What you should do.
Show each line of the records in which the word "many" occurs.

Records contained in a dataset:
---
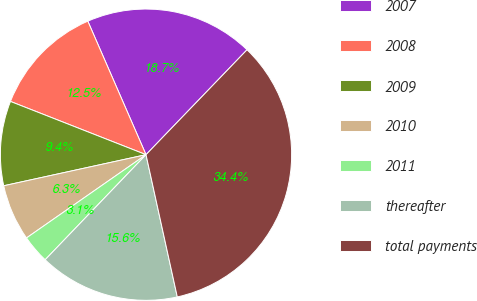Convert chart. <chart><loc_0><loc_0><loc_500><loc_500><pie_chart><fcel>2007<fcel>2008<fcel>2009<fcel>2010<fcel>2011<fcel>thereafter<fcel>total payments<nl><fcel>18.74%<fcel>12.5%<fcel>9.38%<fcel>6.26%<fcel>3.14%<fcel>15.62%<fcel>34.35%<nl></chart> 
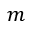<formula> <loc_0><loc_0><loc_500><loc_500>m</formula> 
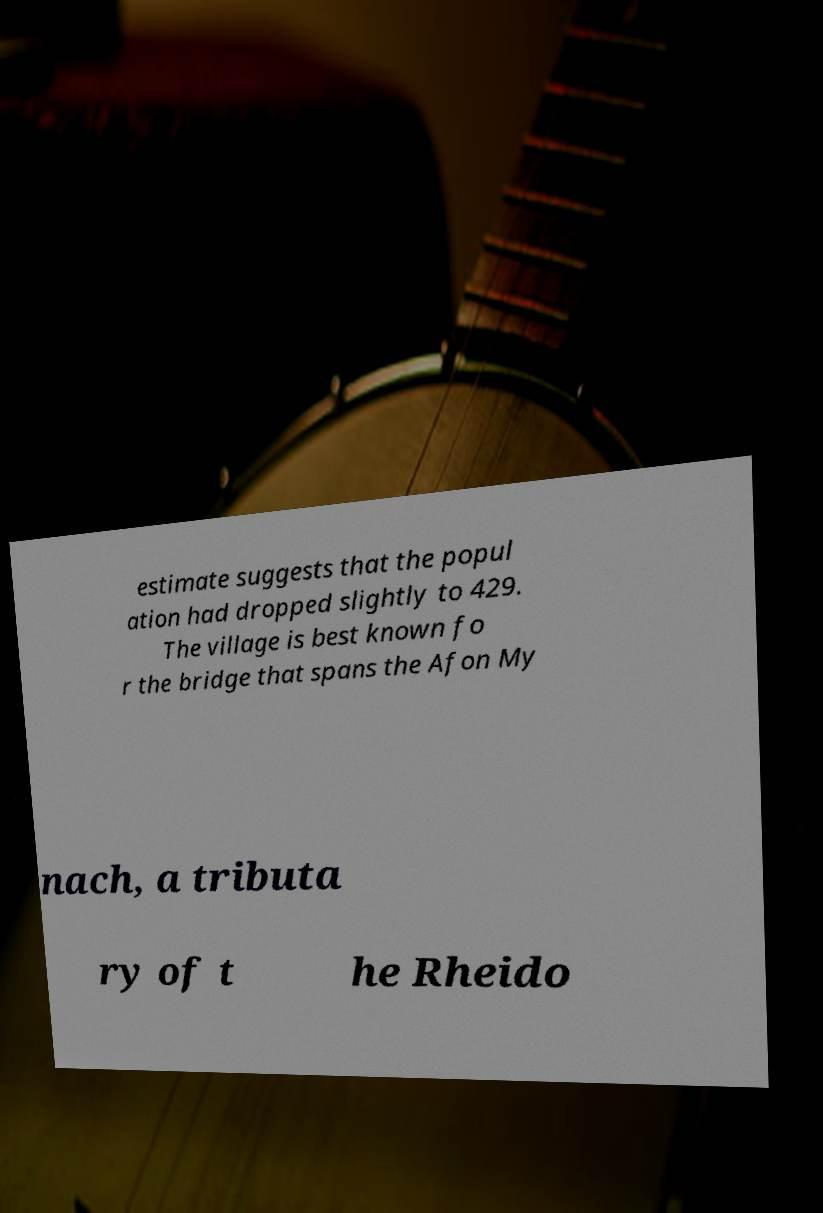There's text embedded in this image that I need extracted. Can you transcribe it verbatim? estimate suggests that the popul ation had dropped slightly to 429. The village is best known fo r the bridge that spans the Afon My nach, a tributa ry of t he Rheido 
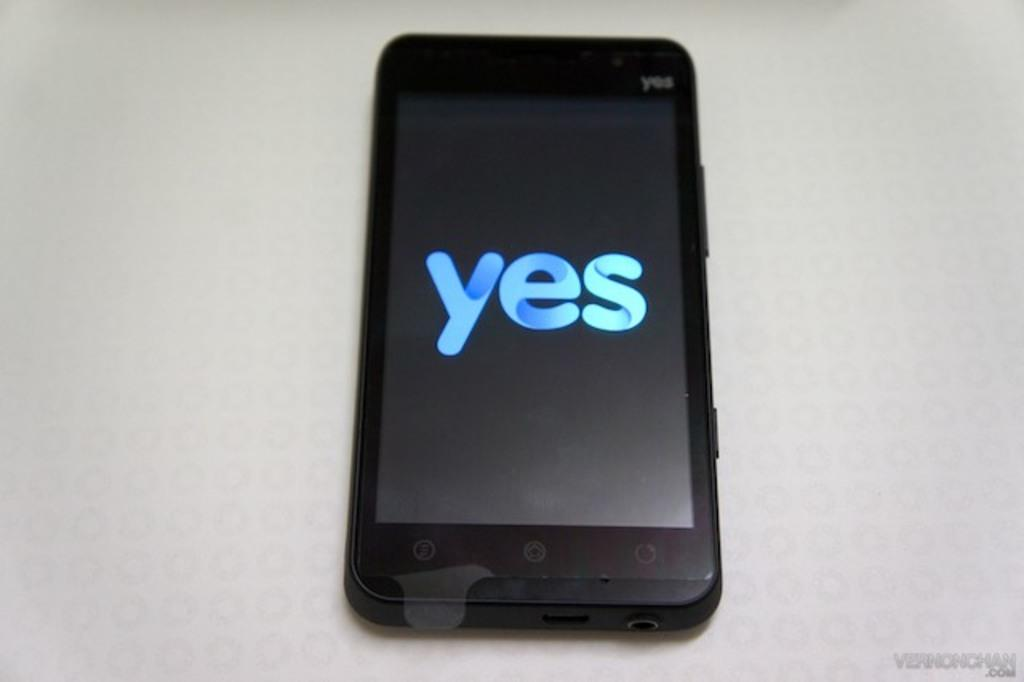<image>
Render a clear and concise summary of the photo. A cell phone with the word Yes in blue letters on the screen 
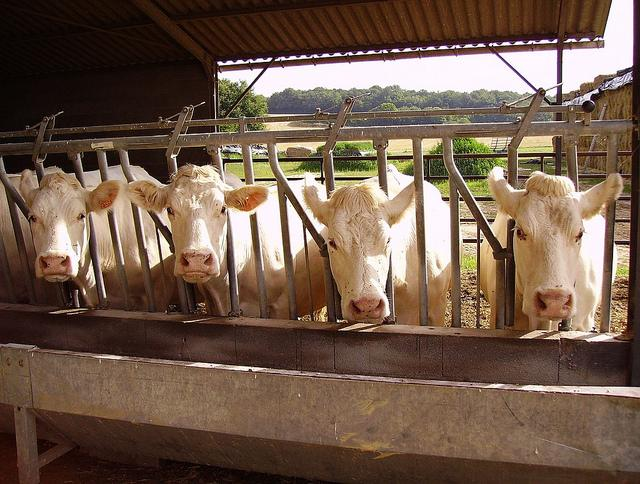Why are these cows held in place at the feeder? Please explain your reasoning. milk. The feeder keeps the cows still so they can be harvested. 
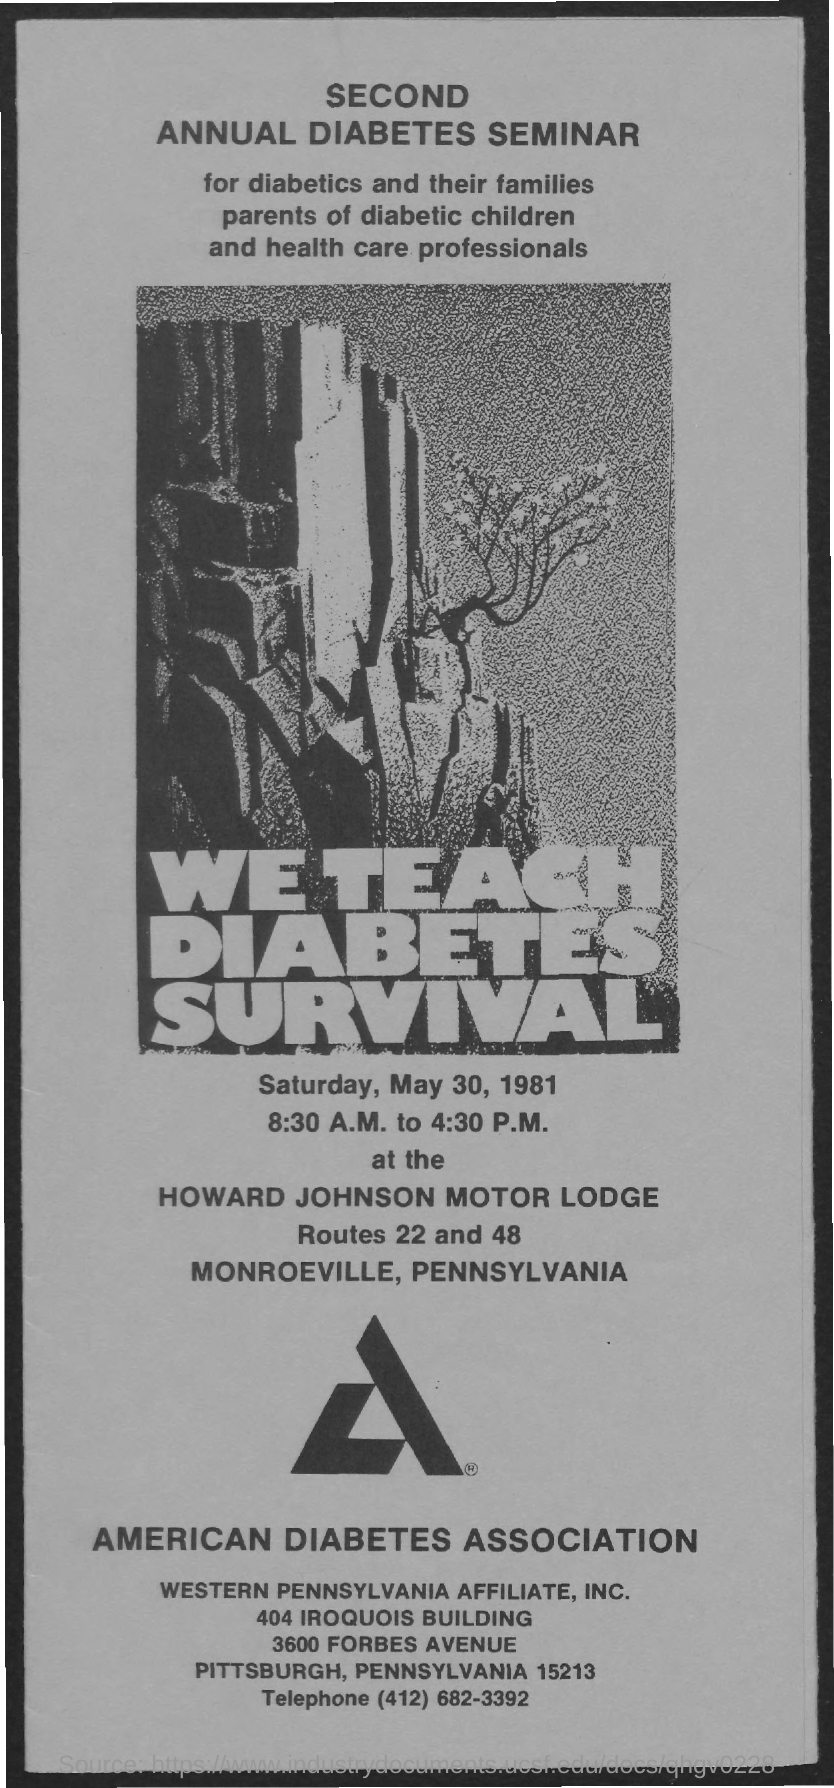When is the Seminar?
Your response must be concise. SATURDAY, MAY 30, 1981. 
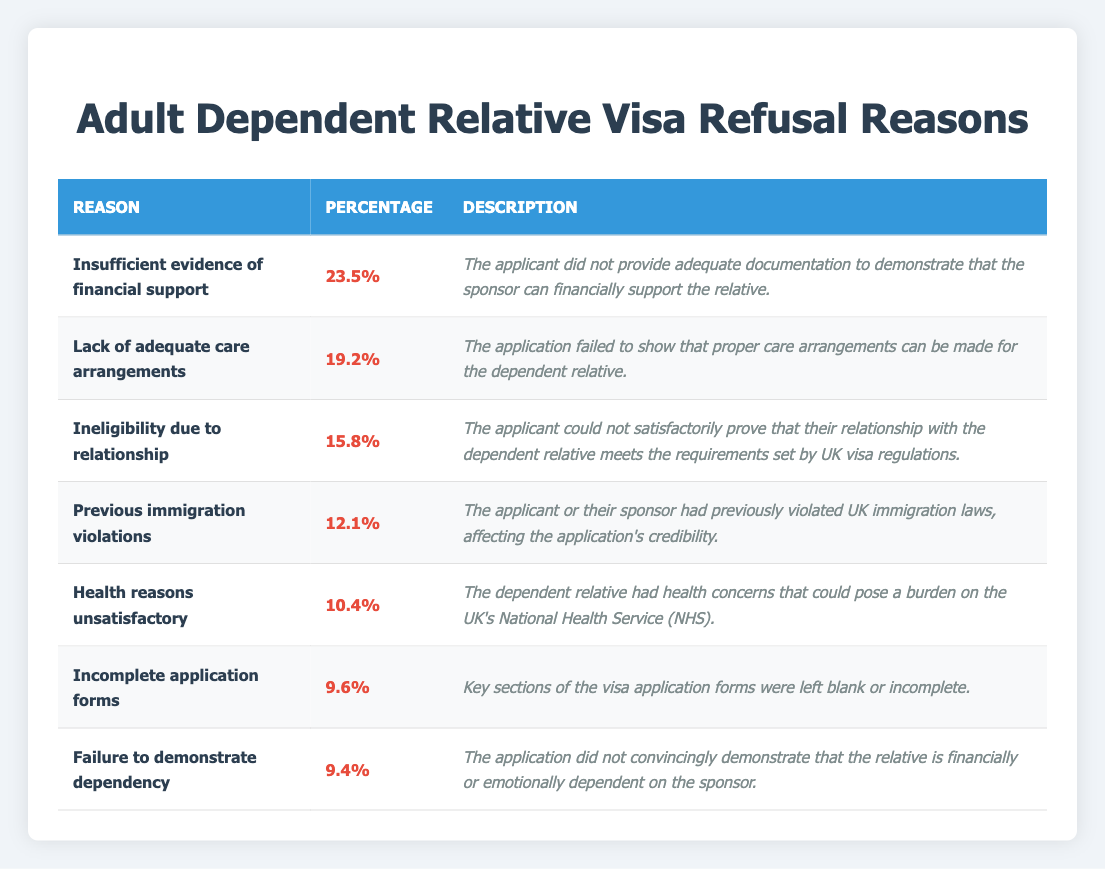What is the reason for the highest percentage of refusal? The table shows that "Insufficient evidence of financial support" has the highest percentage of refusal at 23.5%.
Answer: Insufficient evidence of financial support What percentage of refusals is due to health reasons? According to the table, "Health reasons unsatisfactory" accounts for 10.4% of refusals.
Answer: 10.4% Is the "Failure to demonstrate dependency" reason more than or equal to 10%? The percentage for "Failure to demonstrate dependency" is 9.4%, which is less than 10%.
Answer: No What is the combined percentage of refusals due to "Incomplete application forms" and "Health reasons unsatisfactory"? To find the combined percentage, add the two percentages: 9.6% (Incomplete application forms) + 10.4% (Health reasons unsatisfactory) = 20%.
Answer: 20% Is there a higher percentage of refusals due to "Lack of adequate care arrangements" compared to "Ineligibility due to relationship"? The refusal percentage for "Lack of adequate care arrangements" is 19.2%, while "Ineligibility due to relationship" is 15.8%. Since 19.2% is greater than 15.8%, this statement is true.
Answer: Yes What is the average percentage of refusals for the reasons listed in the table? There are seven reasons listed. The total percentage is 100% (23.5 + 19.2 + 15.8 + 12.1 + 10.4 + 9.6 + 9.4 = 100), so the average is 100% divided by 7 = approximately 14.29%.
Answer: 14.29% How many reasons for refusal have percentages below 15%? The reasons with percentages below 15% are "Previous immigration violations" (12.1%), "Health reasons unsatisfactory" (10.4%), "Incomplete application forms" (9.6%), and "Failure to demonstrate dependency" (9.4%). This totals four reasons.
Answer: 4 Which reason has the second highest percentage of refusal? The second highest percentage of refusal is for "Lack of adequate care arrangements" at 19.2%.
Answer: Lack of adequate care arrangements If you combine the percentages for "Previous immigration violations" and "Ineligibility due to relationship", what is the total? Adding both percentages gives 12.1% (Previous immigration violations) + 15.8% (Ineligibility due to relationship) = 27.9%.
Answer: 27.9% 
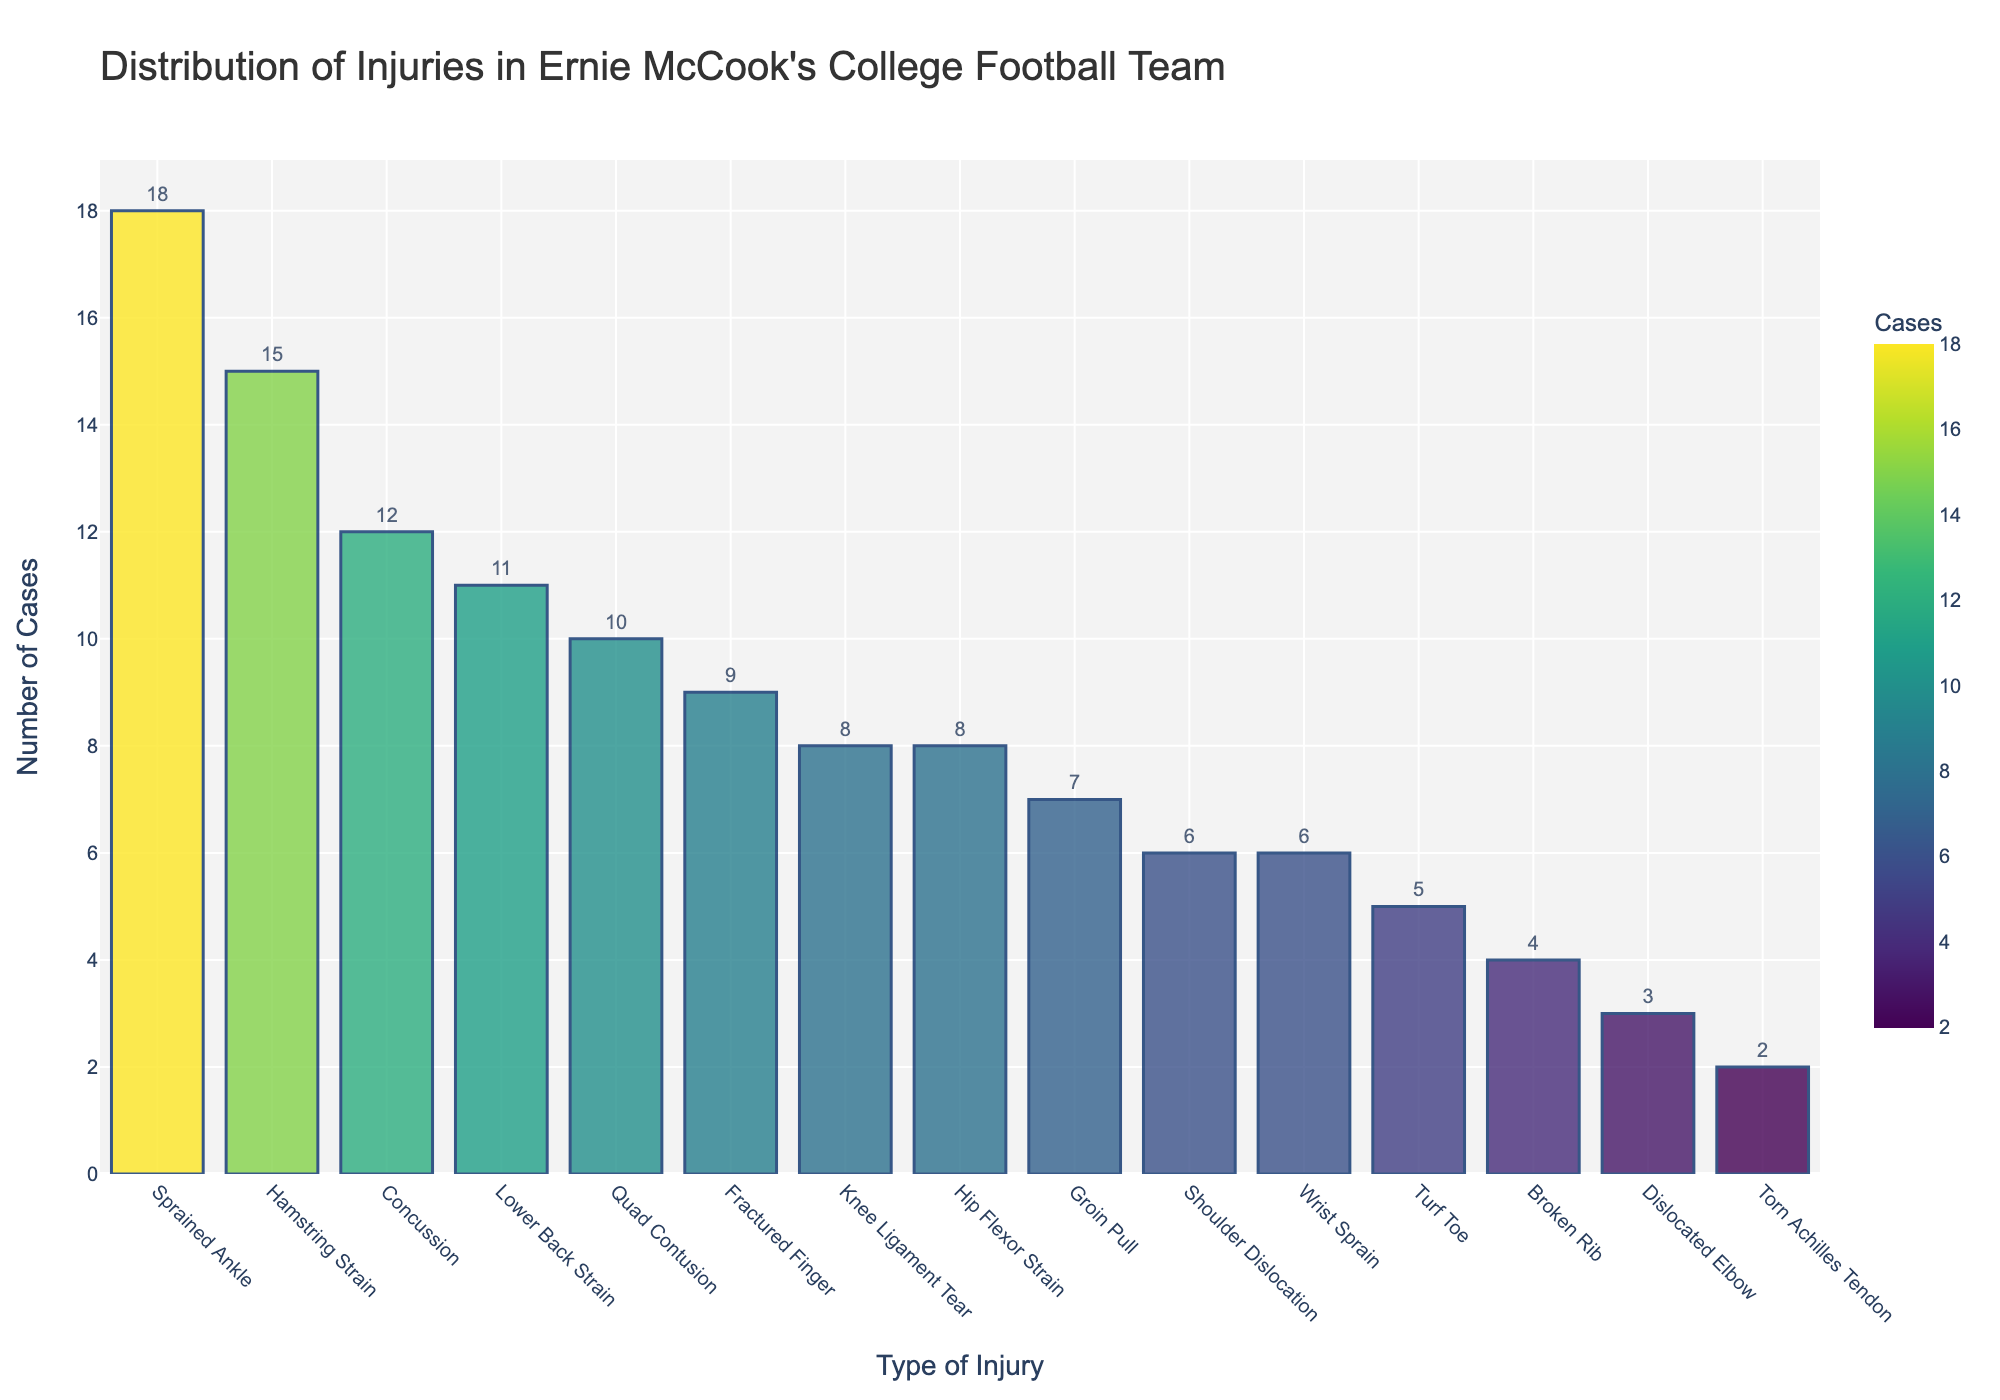Which injury type had the highest number of cases? Look at the bar with the highest value, which represents the highest number of cases.
Answer: Sprained Ankle Which injury types had fewer cases than Lower Back Strain? Identify the number of cases for Lower Back Strain (11) and compare it to other injuries with fewer cases.
Answer: Concussion, Knee Ligament Tear, Shoulder Dislocation, Fractured Finger, Turf Toe, Groin Pull, Dislocated Elbow, Broken Rib, Torn Achilles Tendon, Wrist Sprain, Hip Flexor Strain What is the total number of cases for the three most common injuries? Sum the number of cases for the top three injuries: Sprained Ankle (18), Hamstring Strain (15), Concussion (12).
Answer: 45 Which injury type had the lowest number of cases? Look at the bar with the lowest value, which represents the lowest number of cases.
Answer: Torn Achilles Tendon How many more cases were there of Sprained Ankle than Knee Ligament Tear? Subtract the number of cases for Knee Ligament Tear (8) from Sprained Ankle (18).
Answer: 10 How many injuries had more than 10 cases? Count the injury types where the number of cases is greater than 10.
Answer: 4 Which types of injuries resulted in a number of cases very close to 10? Identify injuries with case numbers 10 or close to 10: Quad Contusion (10), Lower Back Strain (11), Fractured Finger (9), and Groin Pull (7).
Answer: Quad Contusion, Lower Back Strain, Fractured Finger, Groin Pull What is the total number of all injury cases combined? Sum of the number of cases for all injury types.
Answer: 124 What is the average number of cases per injury type? Divide the total number of cases (124) by the number of injury types (15).
Answer: 8.27 Which injury type is closest in number of cases to Concussion? Compare the number of cases for Concussion (12) with other injury types to find the closest number, which is Lower Back Strain (11).
Answer: Lower Back Strain
---
Worked solution.
Answer: 14.29% How many reasons for refusal have percentages below 15%? The reasons with percentages below 15% are "Previous immigration violations" (12.1%), "Health reasons unsatisfactory" (10.4%), "Incomplete application forms" (9.6%), and "Failure to demonstrate dependency" (9.4%). This totals four reasons.
Answer: Torn Achilles Tendon How many more cases were there of Sprained Ankle than Knee Ligament Tear? Subtract the number of cases for Knee Ligament Tear (8) from Sprained Ankle (18).
Answer: 10 How many injuries had more than 10 cases? Count the injury types where the number of cases is greater than 10.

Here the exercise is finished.